Exercise requirements:
Where a line in the records below includes "forward", pull that line out.

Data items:
********************

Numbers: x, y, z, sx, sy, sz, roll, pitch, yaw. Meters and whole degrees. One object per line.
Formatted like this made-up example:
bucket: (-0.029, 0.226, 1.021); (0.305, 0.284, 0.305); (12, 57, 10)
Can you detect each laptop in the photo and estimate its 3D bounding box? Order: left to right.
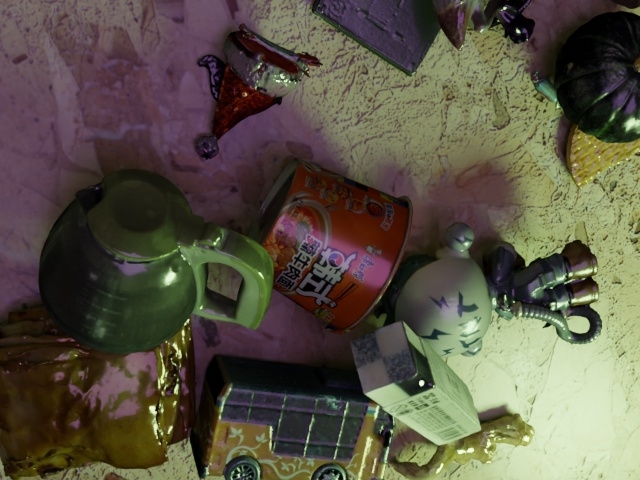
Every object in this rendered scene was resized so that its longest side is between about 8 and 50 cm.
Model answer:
laptop: (0.106, -0.381, 1.401); (0.207, 0.026, 0.154); (29, 95, -22)

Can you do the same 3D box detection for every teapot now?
teapot: (-0.243, 0.041, 1.242); (0.321, 0.239, 0.239); (43, 55, 6)

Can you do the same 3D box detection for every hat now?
hat: (-0.120, -0.218, 1.354); (0.140, 0.129, 0.227); (14, 121, -42)

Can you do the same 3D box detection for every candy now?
candy: (0.398, -0.260, 1.524); (0.083, 0.020, 0.030); (36, 90, -21)

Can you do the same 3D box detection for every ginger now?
ginger: (0.278, 0.401, 1.657); (0.288, 0.075, 0.089); (-18, 115, -15)

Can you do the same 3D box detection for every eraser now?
eraser: (0.166, 0.247, 1.440); (0.098, 0.096, 0.404); (-23, 149, 13)

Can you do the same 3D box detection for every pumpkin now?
pumpkin: (0.502, -0.274, 1.461); (0.220, 0.162, 0.221); (0, 85, -5)

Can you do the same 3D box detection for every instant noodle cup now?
instant noodle cup: (0.000, 0.000, 1.375); (0.192, 0.250, 0.250); (27, 97, -12)

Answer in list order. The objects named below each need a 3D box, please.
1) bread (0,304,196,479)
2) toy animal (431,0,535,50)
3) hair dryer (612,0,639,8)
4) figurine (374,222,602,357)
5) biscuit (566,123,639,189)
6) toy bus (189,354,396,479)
bread: (-0.350, 0.234, 1.366); (0.324, 0.167, 0.278); (-6, 107, -16)
toy animal: (0.217, -0.435, 1.377); (0.195, 0.090, 0.324); (-46, 110, -33)
hair dryer: (0.622, -0.435, 1.505); (0.210, 0.125, 0.352); (-45, 122, -2)
figurine: (0.277, 0.086, 1.505); (0.381, 0.186, 0.261); (-14, 103, -8)
biscuit: (0.527, -0.201, 1.573); (0.224, 0.033, 0.144); (-36, 108, -4)
toy bus: (-0.044, 0.313, 1.485); (0.323, 0.162, 0.194); (9, 100, -17)
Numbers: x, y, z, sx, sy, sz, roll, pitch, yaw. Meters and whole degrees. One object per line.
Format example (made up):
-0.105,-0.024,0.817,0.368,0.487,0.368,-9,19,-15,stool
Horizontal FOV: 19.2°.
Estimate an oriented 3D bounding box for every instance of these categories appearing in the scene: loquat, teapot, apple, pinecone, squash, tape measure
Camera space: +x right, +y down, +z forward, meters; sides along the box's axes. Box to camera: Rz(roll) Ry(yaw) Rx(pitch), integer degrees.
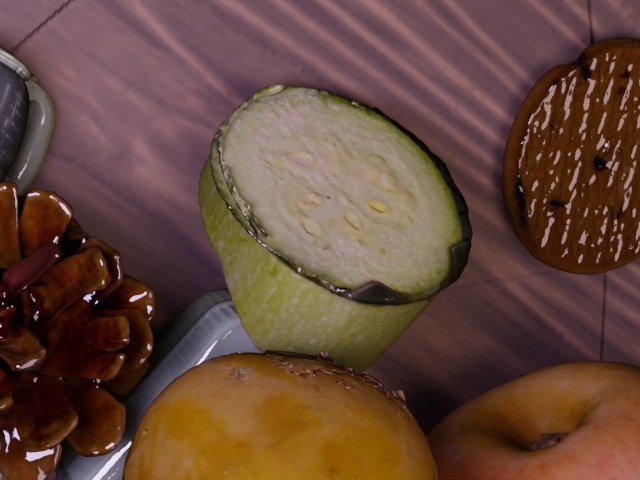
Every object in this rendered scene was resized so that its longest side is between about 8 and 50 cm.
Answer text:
-0.028,0.190,1.348,0.235,0.235,0.235,-10,113,-25,loquat
-0.244,-0.093,1.346,0.092,0.124,0.091,25,76,7,teapot
0.232,0.274,1.576,0.364,0.364,0.364,-10,113,-25,apple
-0.226,0.066,1.336,0.229,0.201,0.202,36,71,-12,pinecone
-0.004,-0.012,1.452,0.220,0.220,0.133,10,144,-31,squash
-0.087,0.175,1.507,0.235,0.115,0.207,-48,118,-1,tape measure

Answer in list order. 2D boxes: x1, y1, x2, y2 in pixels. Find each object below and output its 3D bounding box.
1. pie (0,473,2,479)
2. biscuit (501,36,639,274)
-0.334,0.241,1.429,0.185,0.052,0.218,-1,106,-25,pie
0.245,-0.071,1.635,0.212,0.036,0.212,-11,115,-24,biscuit
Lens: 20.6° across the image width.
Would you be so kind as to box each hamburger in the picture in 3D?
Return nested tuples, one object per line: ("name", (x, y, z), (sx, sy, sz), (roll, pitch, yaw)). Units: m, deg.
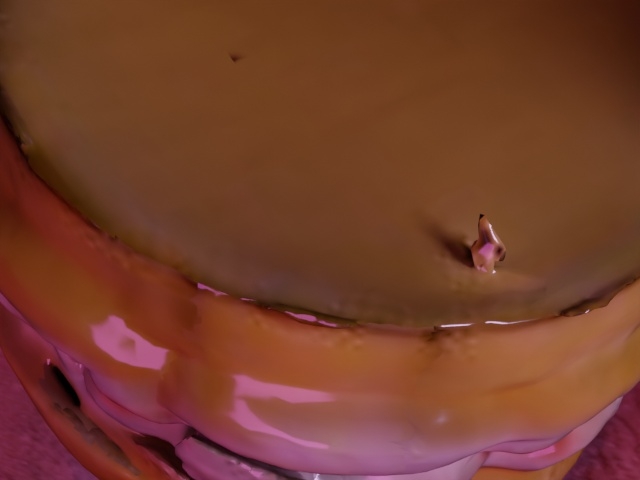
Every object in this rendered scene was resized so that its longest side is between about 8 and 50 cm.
("hamburger", (0.000, 0.000, 0.649), (0.276, 0.276, 0.237), (18, 138, 4))
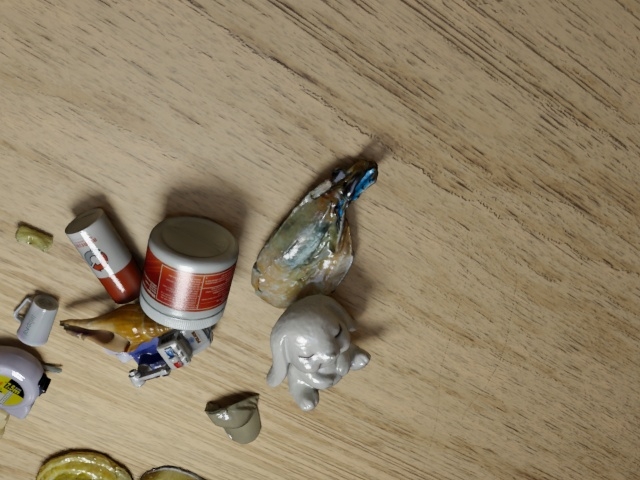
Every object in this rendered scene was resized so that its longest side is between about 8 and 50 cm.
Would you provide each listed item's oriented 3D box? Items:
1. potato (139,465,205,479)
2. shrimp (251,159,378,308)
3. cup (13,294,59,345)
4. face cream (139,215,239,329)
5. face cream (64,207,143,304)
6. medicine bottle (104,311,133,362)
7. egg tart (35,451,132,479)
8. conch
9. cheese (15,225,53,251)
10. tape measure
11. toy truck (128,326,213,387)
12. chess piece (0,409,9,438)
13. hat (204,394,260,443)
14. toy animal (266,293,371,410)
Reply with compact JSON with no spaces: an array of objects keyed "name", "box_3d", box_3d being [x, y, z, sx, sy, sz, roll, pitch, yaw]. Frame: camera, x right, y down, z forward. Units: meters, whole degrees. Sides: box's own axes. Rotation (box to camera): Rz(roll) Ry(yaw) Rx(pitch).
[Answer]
[{"name":"potato","box_3d":[-0.422,0.818,2.106,0.246,0.196,0.300,-11,119,2]},{"name":"shrimp","box_3d":[0.000,0.000,1.689,0.221,0.110,0.446,21,121,-22]},{"name":"cup","box_3d":[-0.699,0.187,1.786,0.104,0.074,0.116,34,113,11]},{"name":"face cream","box_3d":[-0.297,0.070,1.652,0.201,0.201,0.187,11,120,-10]},{"name":"face cream","box_3d":[-0.488,0.039,1.684,0.096,0.096,0.214,-21,120,9]},{"name":"medicine bottle","box_3d":[-0.507,0.246,1.820,0.055,0.074,0.118,-24,118,9]},{"name":"egg tart","box_3d":[-0.679,0.729,2.084,0.290,0.115,0.290,0,121,-1]},{"name":"conch","box_3d":[-0.474,0.198,1.716,0.330,0.093,0.109,0,119,30]},{"name":"cheese","box_3d":[-0.659,-0.002,1.682,0.083,0.044,0.030,25,133,-19]},{"name":"tape measure","box_3d":[-0.784,0.347,1.857,0.196,0.105,0.178,40,119,-22]},{"name":"toy truck","box_3d":[-0.371,0.246,1.770,0.213,0.177,0.161,-23,119,11]},{"name":"chess piece","box_3d":[-0.940,0.571,1.978,0.117,0.117,0.397,27,114,-18]},{"name":"hat","box_3d":[-0.222,0.497,1.982,0.147,0.085,0.175,-15,120,5]},{"name":"toy animal","box_3d":[-0.023,0.246,1.748,0.271,0.206,0.265,-37,146,-12]}]

********************

Completed exercise:
Camera space: +x right, +y down, +z forward, meters; sides along the box's axes. Box to camera: Rz(roll) Ry(yaw) Rx(pitch), integer degrees.
Reply with compact JSON with no spaces: an array of objects keyed "name", "box_3d", box_3d being [x, y, z, sx, sy, sz, roll, pitch, yaw]. Frame: camera, x right, y down, z forward. Units: meters, whole degrees. Sides: box's own axes. Rotation (box to camera): Rz(roll) Ry(yaw) Rx(pitch).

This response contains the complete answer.